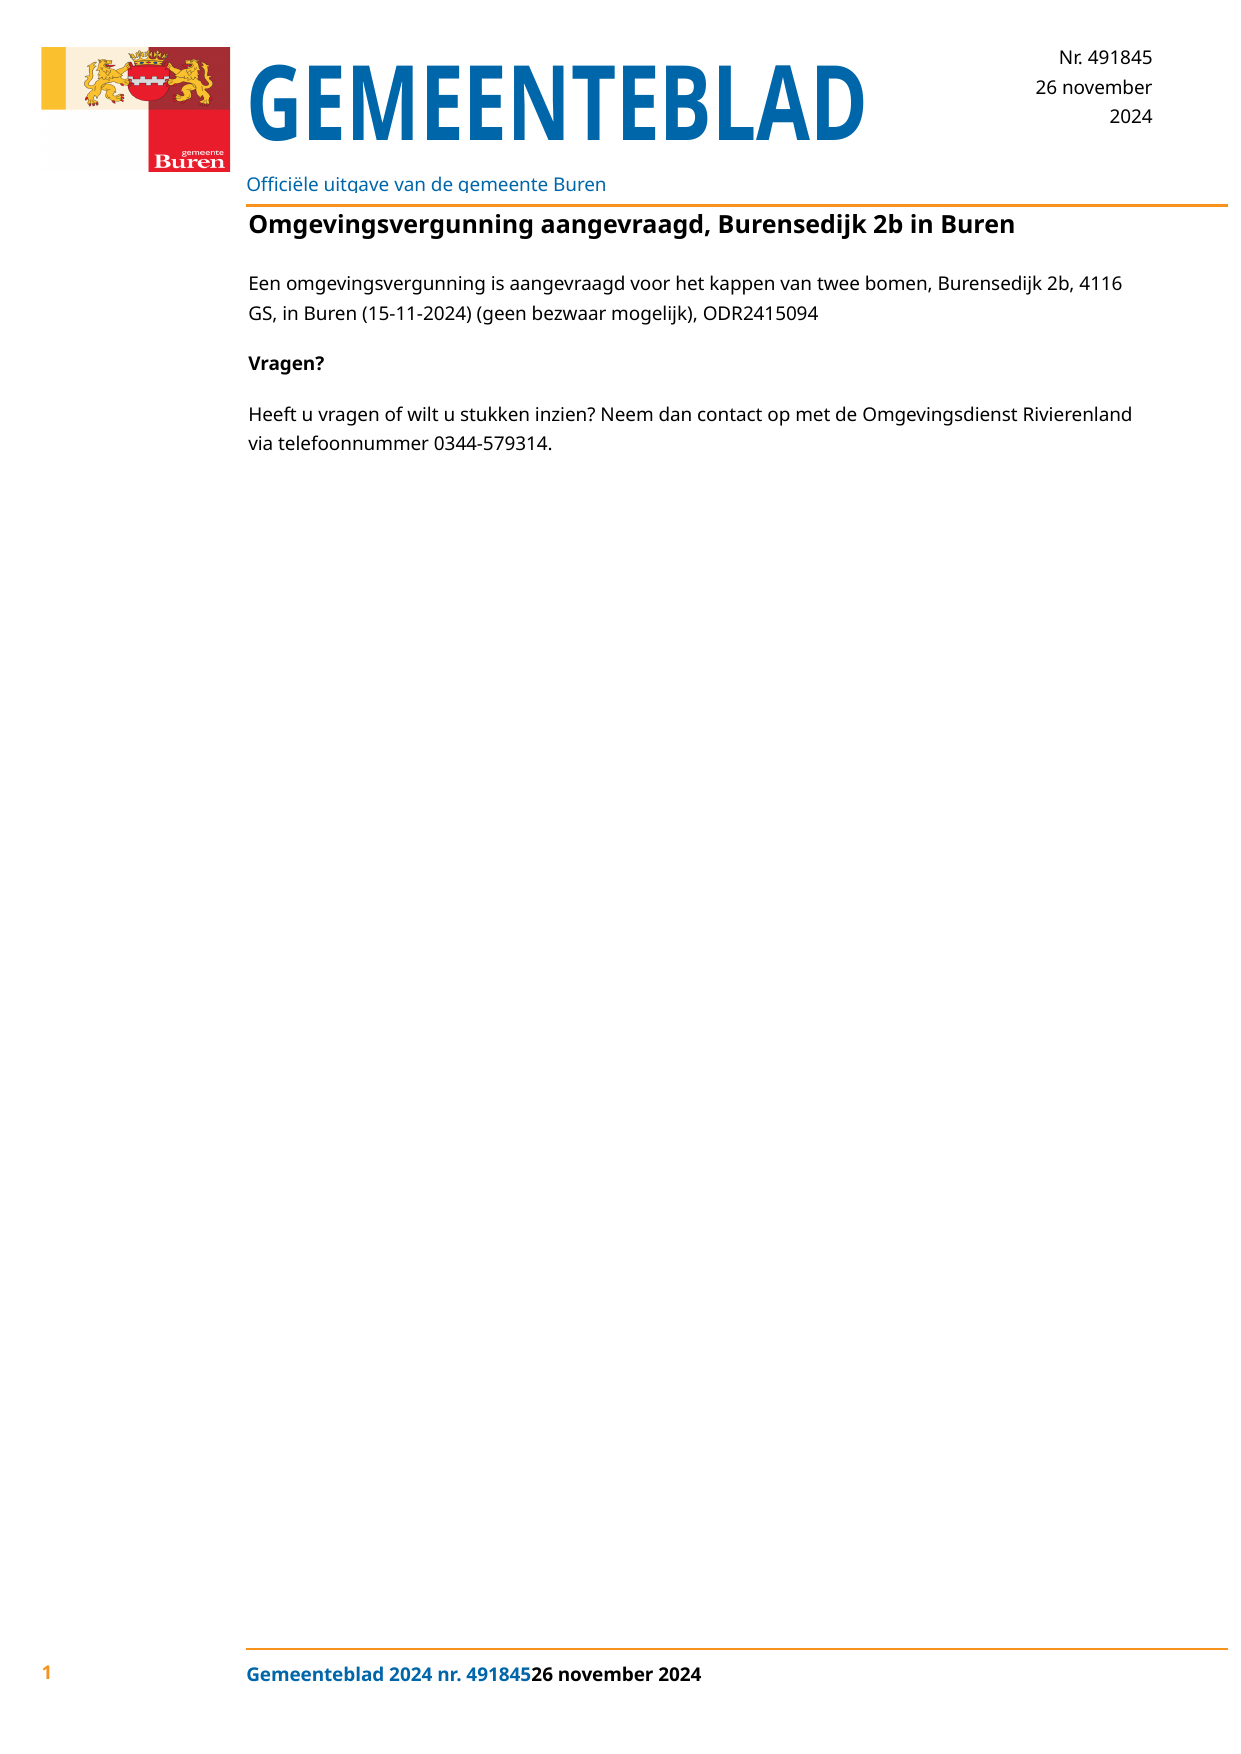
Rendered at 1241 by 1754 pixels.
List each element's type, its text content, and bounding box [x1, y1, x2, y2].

text Vragen? [248, 350, 1152, 376]
text Een omgevingsvergunning is aangevraagd voor het kappen van twee bomen, Burensedijk 2b, 4116 GS, in Buren (15-11-2024) (geen bezwaar mogelijk), ODR2415094 [248, 270, 1152, 326]
picture [41, 47, 231, 172]
text Heeft u vragen of wilt u stukken inzien? Neem dan contact op met de Omgevingsdienst Rivierenland via telefoonnummer 0344-579314. [248, 401, 1152, 456]
text Omgevingsvergunning aangevraagd, Burensedijk 2b in Buren [248, 207, 1152, 241]
☆ ☆ ☆ ☆ ☆ ☆ ☆
Since the copy must hold no pictures, repeat everything else in the records exactly as written.

(Task response):
Rendered at 1241 by 1754 pixels.
List each element's type, its text content, and bounding box [x1, y1, x2, y2].

text Vragen? [248, 350, 1152, 376]
text Een omgevingsvergunning is aangevraagd voor het kappen van twee bomen, Burensedijk 2b, 4116 GS, in Buren (15-11-2024) (geen bezwaar mogelijk), ODR2415094 [248, 270, 1152, 326]
picture [41, 47, 231, 172]
text Heeft u vragen of wilt u stukken inzien? Neem dan contact op met de Omgevingsdienst Rivierenland via telefoonnummer 0344-579314. [248, 401, 1152, 456]
text Omgevingsvergunning aangevraagd, Burensedijk 2b in Buren [248, 207, 1152, 241]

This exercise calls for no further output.